Task material:
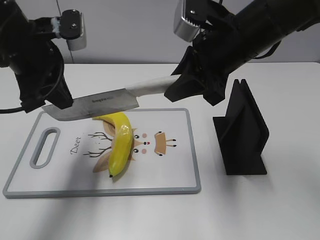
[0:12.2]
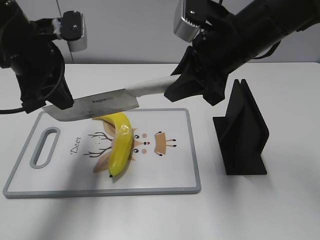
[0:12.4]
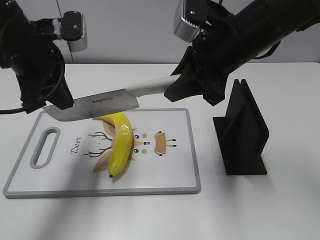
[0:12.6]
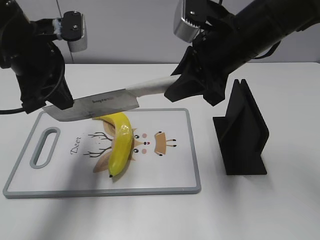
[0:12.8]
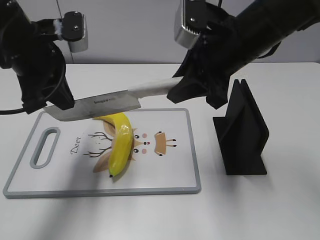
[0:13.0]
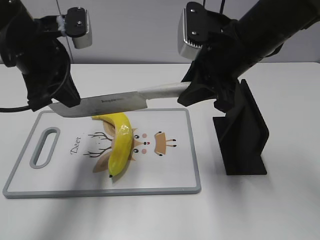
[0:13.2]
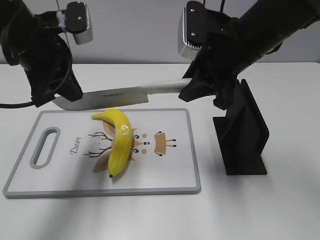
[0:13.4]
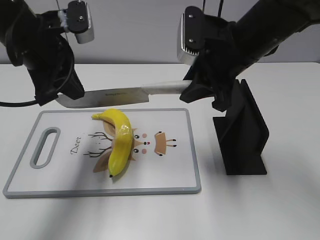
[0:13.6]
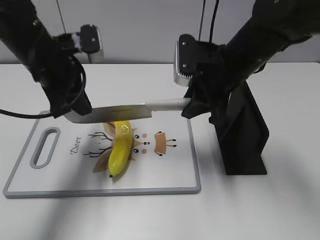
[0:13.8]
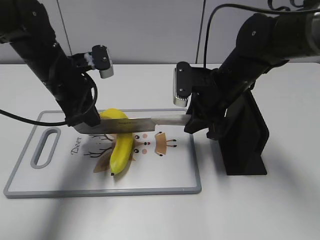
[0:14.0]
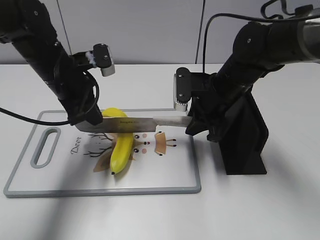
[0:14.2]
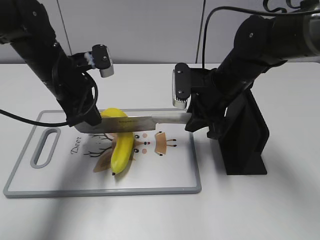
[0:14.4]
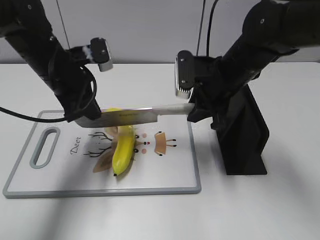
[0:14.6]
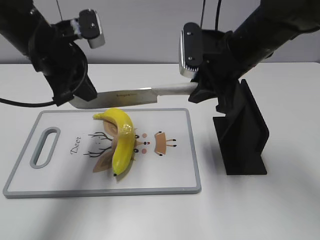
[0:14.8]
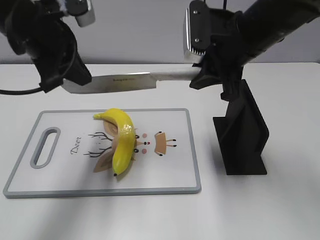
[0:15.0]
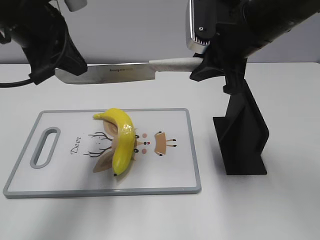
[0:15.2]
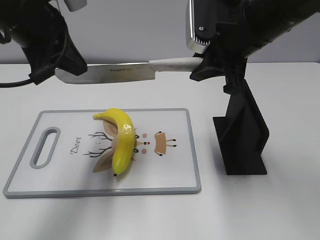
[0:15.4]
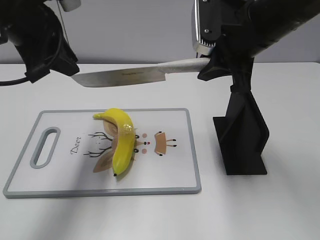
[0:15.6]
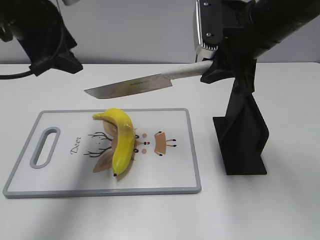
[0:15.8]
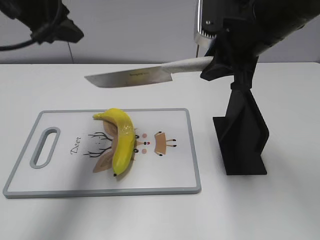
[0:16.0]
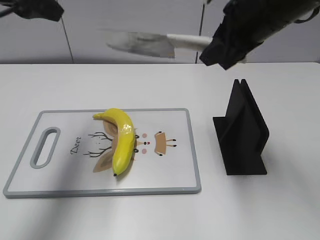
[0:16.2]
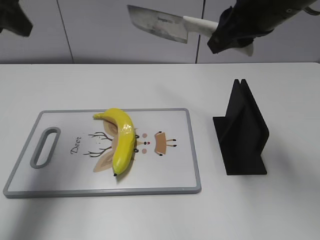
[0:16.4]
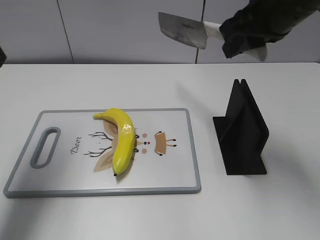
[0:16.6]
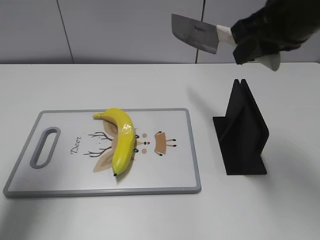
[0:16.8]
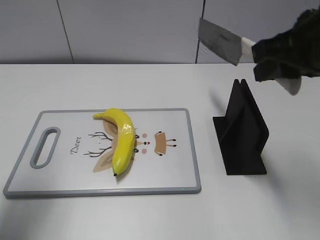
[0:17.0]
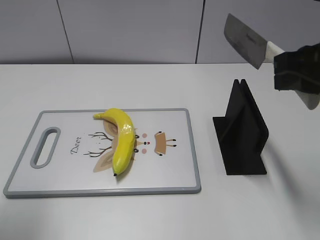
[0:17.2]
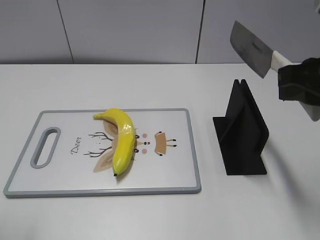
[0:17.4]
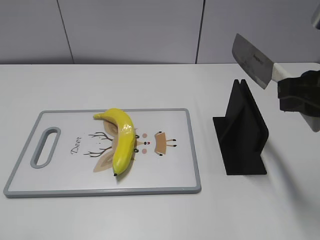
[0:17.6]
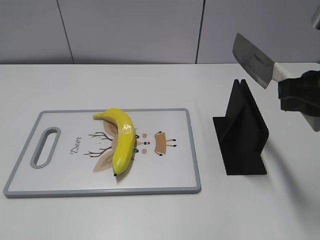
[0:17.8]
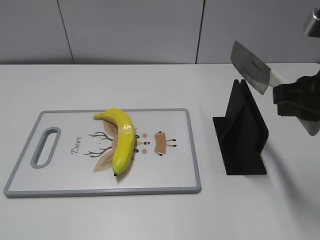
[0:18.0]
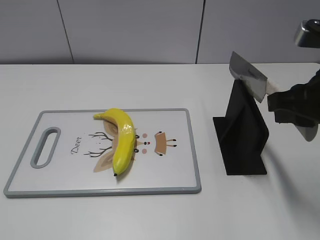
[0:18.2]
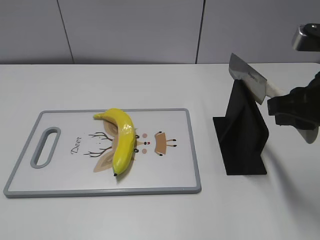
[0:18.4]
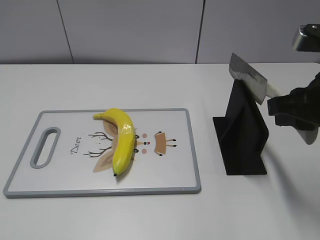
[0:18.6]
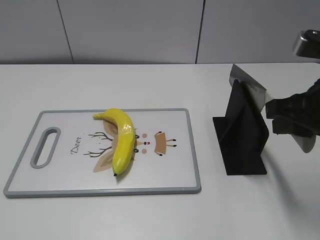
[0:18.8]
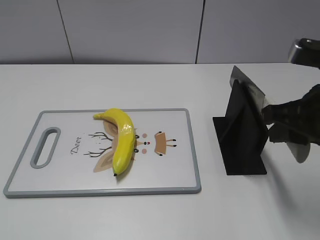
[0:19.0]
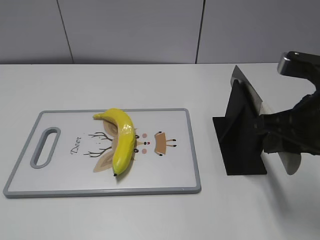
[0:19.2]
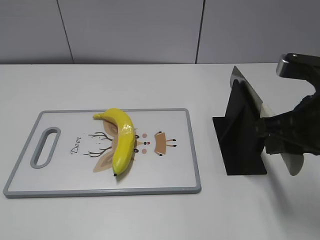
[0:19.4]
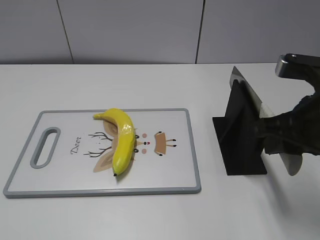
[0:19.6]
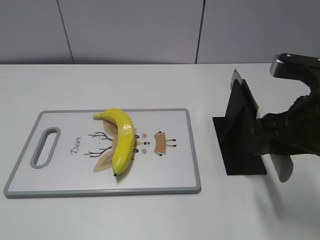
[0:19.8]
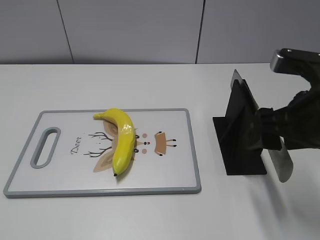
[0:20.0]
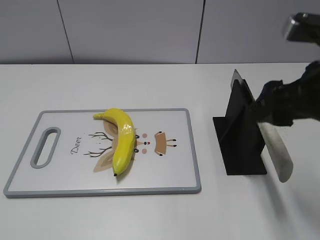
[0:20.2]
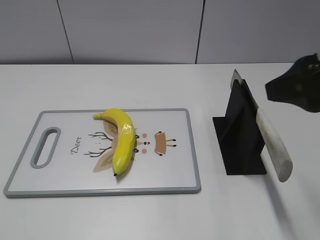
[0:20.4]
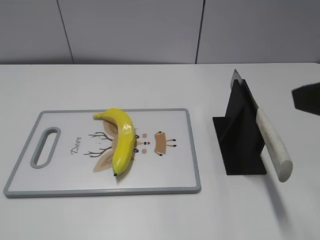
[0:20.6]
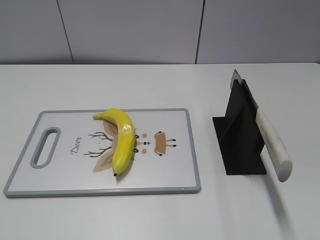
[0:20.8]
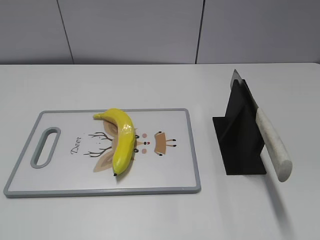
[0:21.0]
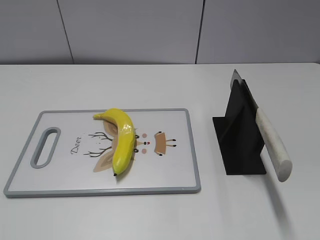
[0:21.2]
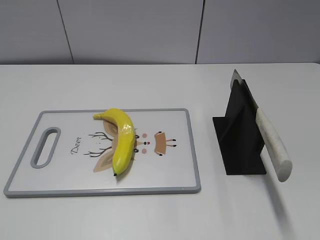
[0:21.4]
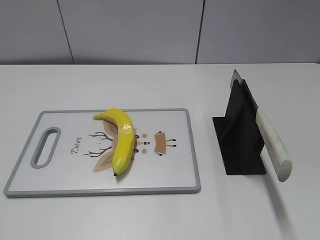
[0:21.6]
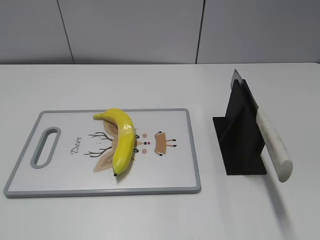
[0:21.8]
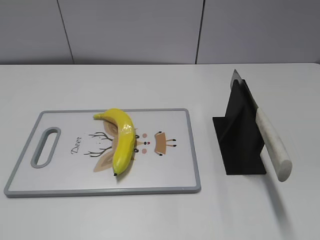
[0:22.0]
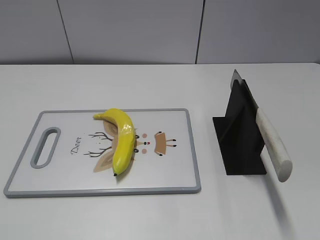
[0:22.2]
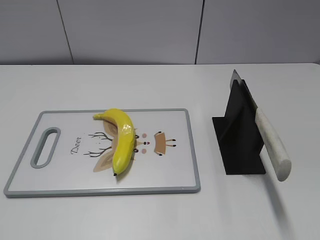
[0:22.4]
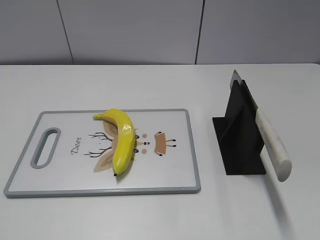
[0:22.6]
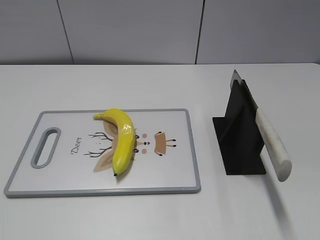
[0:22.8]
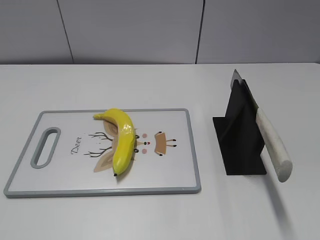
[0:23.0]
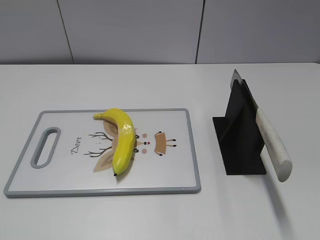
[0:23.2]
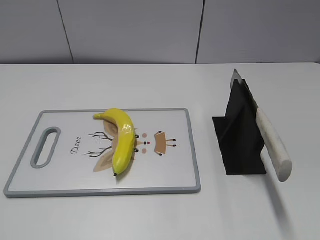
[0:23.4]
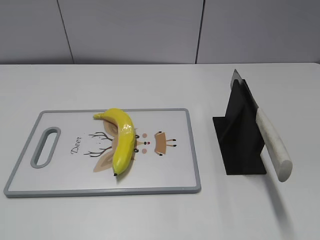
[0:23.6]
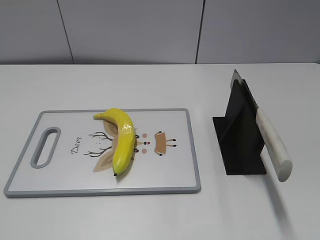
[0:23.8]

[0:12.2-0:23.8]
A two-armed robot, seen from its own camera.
Task of the whole recording: cut plastic banana.
Step, 0:12.2 to 0:15.2: Lift the knife with your right hand.
Step, 0:15.4 to 0:17.4: Cut the banana with your right hand.
Step, 0:17.8 to 0:18.6: Lift the knife with your right hand.
Step, 0:18.8 to 0:23.8: Place the knife on the storage rack with your right hand.
0:12.2 to 0:13.6: The grippers move only a little.
0:13.6 to 0:15.0: The left gripper travels downward and back again, roughly 10 cm each way, while the right gripper goes downward and returns, roughly 10 cm each way.
0:15.0 to 0:16.6: The left gripper heads to the left and upward, covering about 10 cm, and opens its fingers, while the right gripper moves upward, about 5 cm.
0:16.6 to 0:18.0: The left gripper is displaced backward by about 30 cm, while the right gripper shifts some 15 cm backward, to the right and downward.
0:18.0 to 0:19.4: There are only small adjustments of the grippers.
0:19.4 to 0:21.0: The right gripper moves backward, upward and to the right, about 20 cm, and opens.

Task statement:
Omit the pictures and repeat the rest of the listing verbatim.

Response box:
[0:12.2]
[0:12.4]
[0:12.6]
[0:12.8]
[0:13.0]
[0:13.2]
[0:13.4]
[0:13.6]
[0:13.8]
[0:14.0]
[0:14.2]
[0:14.4]
[0:14.6]
[0:14.8]
[0:15.0]
[0:15.2]
[0:15.4]
[0:15.6]
[0:15.8]
[0:16.0]
[0:16.2]
[0:16.4]
[0:16.6]
[0:16.8]
[0:17.0]
[0:17.2]
[0:17.4]
[0:17.6]
[0:17.8]
[0:18.0]
[0:18.2]
[0:18.4]
[0:18.6]
[0:18.8]
[0:19.0]
[0:19.2]
[0:19.4]
[0:19.6]
[0:19.8]
[0:20.0]
[0:20.2]
[0:20.4]
[0:20.6]
[0:20.8]
[0:21.0]
[0:21.2]
[0:21.4]
[0:21.6]
[0:21.8]
[0:22.0]
[0:22.2]
[0:22.4]
[0:22.6]
[0:22.8]
[0:23.0]
[0:23.2]
[0:23.4]
[0:23.6]
[0:23.8]

[0:12.2-0:23.8]
A two-armed robot, seen from its own camera.
Task of the whole recording: cut plastic banana.
Step, 0:12.2 to 0:15.2: Lift the knife with your right hand.
Step, 0:15.4 to 0:17.4: Cut the banana with your right hand.
Step, 0:17.8 to 0:18.6: Lift the knife with your right hand.
Step, 0:18.8 to 0:23.8: Place the knife on the storage rack with your right hand.
0:12.2 to 0:13.6: The grippers move only a little.
0:13.6 to 0:15.0: The left gripper travels downward and back again, roughly 10 cm each way, while the right gripper goes downward and returns, roughly 10 cm each way.
0:15.0 to 0:16.6: The left gripper heads to the left and upward, covering about 10 cm, and opens its fingers, while the right gripper moves upward, about 5 cm.
0:16.6 to 0:18.0: The left gripper is displaced backward by about 30 cm, while the right gripper shifts some 15 cm backward, to the right and downward.
0:18.0 to 0:19.4: There are only small adjustments of the grippers.
0:19.4 to 0:21.0: The right gripper moves backward, upward and to the right, about 20 cm, and opens.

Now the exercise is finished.